微かに聞こえてくる小鳥の囀りにまだ幾らか重い瞼を開き目を覚ます。
遮光カーテンをしっかりと閉めている部屋は朝を迎えても暗い為に小鳥が朝を知らせなければこの部屋は夜と変わりがない。
しかし、今朝はこの静かな部屋に大きな変化がある。
すぅすぅ、とすぐ隣から穏やかな寝息が聞こえてくる。
暗さに慣れてきた視界がぼんやりと眠る相手の輪郭を捉え始めるが、はっきりとは見えないもどかしさにカーテンの開閉が出来るリモコンに手を伸ばし少しだけ部屋に光を取り入れようと僅かにカーテンを開ける。
暗い部屋に一筋光が差し込んだだけでも部屋は明るくなり目の前の顔をはっきり見て取れた。
隣で眠るのは我が親愛なる店長ことアキラくんだ。
昨夜初めて家に招待し密な夜を過ごしそのまま泊まっていくよう勧めた為にこうして今隣で眠っている。
こんな風に誰かの隣で目覚める事になるとは考えたこともなかった。
…こんな風に、あたたかな気持ちで朝を迎えることが出来るなど…自分には縁遠いものだと思っていた。
そっと手を伸ばし頬に触れてみる。
人の寝顔というのは幼く見えるとよく聞くが、なるほど…無防備に眠る彼の寝顔もまたどこか幼く見えて愛らしく思う。
顔に掛かる髪を後ろに流すように撫でれば少し擽ったいのか「…ん、」と彼から小さく声が洩れて身じろぐ。
起こしてしまったかと咄嗟に指を離すが一瞬眉を僅かに寄せただけで直ぐに表情を戻し寝息を立て続けている。
その様子に思わずふ、と笑みが零れもう少し触れても許されるだろうかと、彼の頬から首筋に視線と指を移しそこに赤く残る痕に指を這わせる。
これは昨夜自分が彼に残したものだ。
首筋、鎖骨、胸元まで幾つか残した後を辿った後に掌を彼の胸に宛がえば寝息と同じくトクトクと穏やかな心音が伝わってくる。
じんわりと触れた掌から彼の温もりも伝播し、彼が隣に…目の前にいるという事が現実だという事を実感する。

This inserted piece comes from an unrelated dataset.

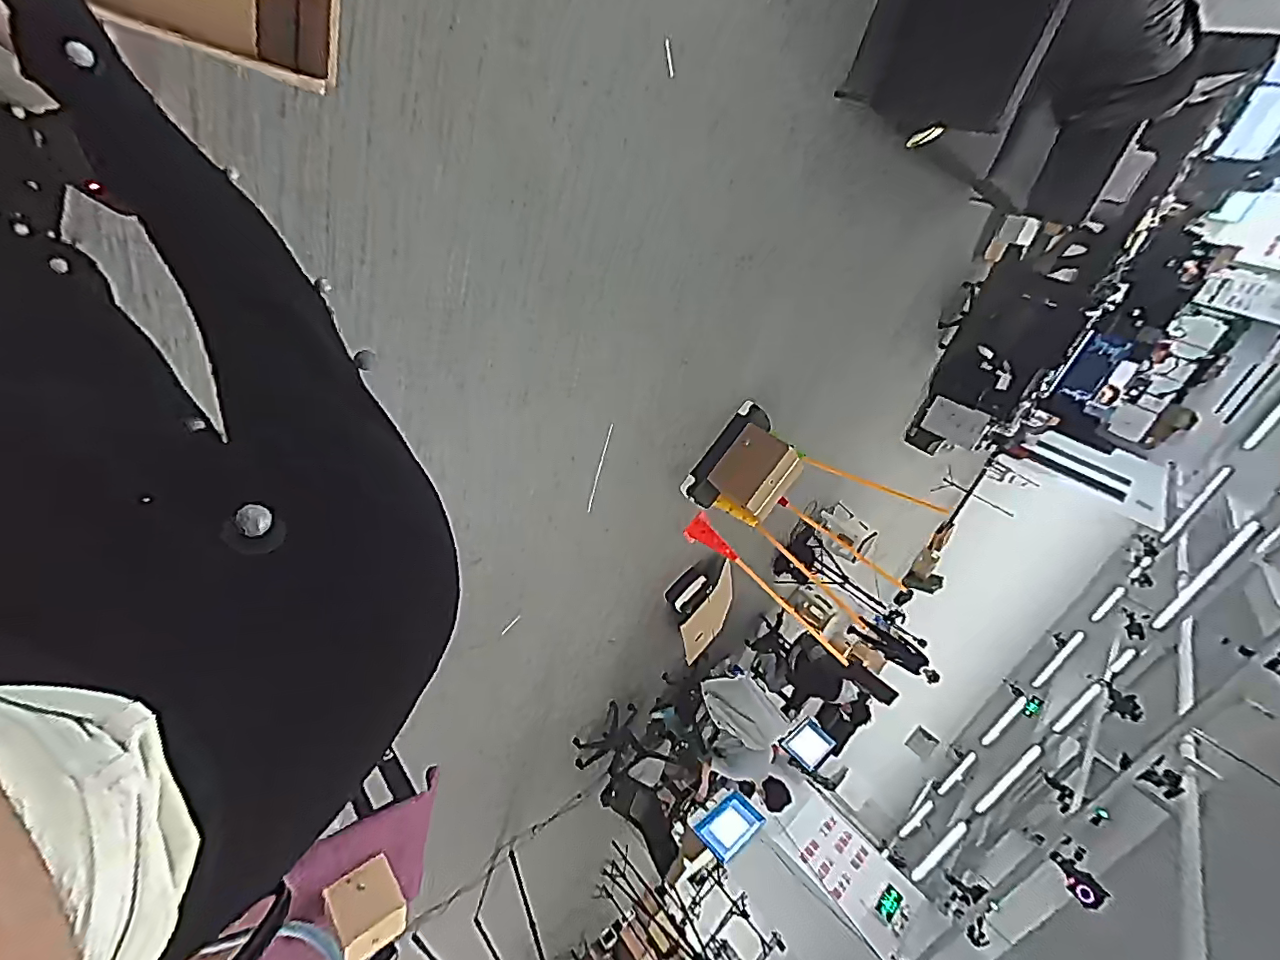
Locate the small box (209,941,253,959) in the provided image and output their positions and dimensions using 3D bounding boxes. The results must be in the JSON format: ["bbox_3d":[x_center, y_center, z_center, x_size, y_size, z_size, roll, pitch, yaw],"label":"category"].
[{"bbox_3d":[-1.024,1.279,1.309,0.168,0.176,0.179,-13,131,-43],"label":"small box"}]

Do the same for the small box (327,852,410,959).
[{"bbox_3d":[-0.778,1.218,1.545,0.168,0.176,0.179,-15,131,-43],"label":"small box"}]

朝特有の微睡みの時間はどこか夢と現実の狭間に居るかのような曖昧な雰囲気の中で、確かに彼は存在しているのだと言葉の代わりに彼の心音が教えてくれる。
「…ちゃんと生きているよ」
不意に胸に置いた手を握られてまだどこか眠たげな声に心音に浸っていた意識を戻される。
「あまりに起きないから死んでるのかと思われたのかな…」
「…起こしてしまったのなら申し訳ない。まだ朝も早いからな、もう少し眠っていても構わない」
彼の様子を見るに朝はそれほど強くなさそうで再び瞼を閉じれば眠りに落ちるのだろうと思えばまだ眠っていてもいいと伝える。
しかし彼の瞳は閉じる事はなくゆっくりと瞬きを繰り返しながらじっと此方を見つめている。
「…朝でも変わらずヒューゴは綺麗だな…、君の寝顔見たかった」
自分が後に起きてしまったことを悔いるように不服そうな呟きが続く。
「お褒めに預かり光栄だ。寝顔など見てもつまらないだろう…と言いたいところだが、事実君の寝顔に魅入ってしまったからな…その気持ちは理解出来る」
「君だけ堪能するなんてずるいよ」
普段の彼よりどこか子供っぽい口振りで拗ねるような仕草をする様子が愛らしく空いている方の手で宥めるように彼の頭を撫でる。
「おや、機嫌を損ねてしまったかな?」
「…なんだか僕を子供扱いしてないかい?」
どうやら此方が思っている事を察してしまったらしい彼はそう言いながら一層むくれる。
「…君の寝顔を眺めながら、君の睡眠を邪魔したくないと思う反面…起きて欲しいとも思っていた。起きて…、俺に触れて欲しいと」
すり、と素足を彼の足に擦り寄せながら絡ませる。
「…子供相手にこんな事は思わない。…違うかね?」
ごくり、と彼の喉が上下するのを見つけ思わず口角が上がる。
そうして覆い被さってきた彼の首に両手を回せば唇を塞がれ最低限留めていたシャツのボタンを外される。
彼の穏やかな温もりも、刺激的な熱情も、彼の与えてくれる全てが俺を満たしてくれるのだと昨夜と今朝で思い知らされた。
そしてそれは俺にとってもう無くてはならないものなのだと、どんな宝物よりも価値があり唯一無二であると。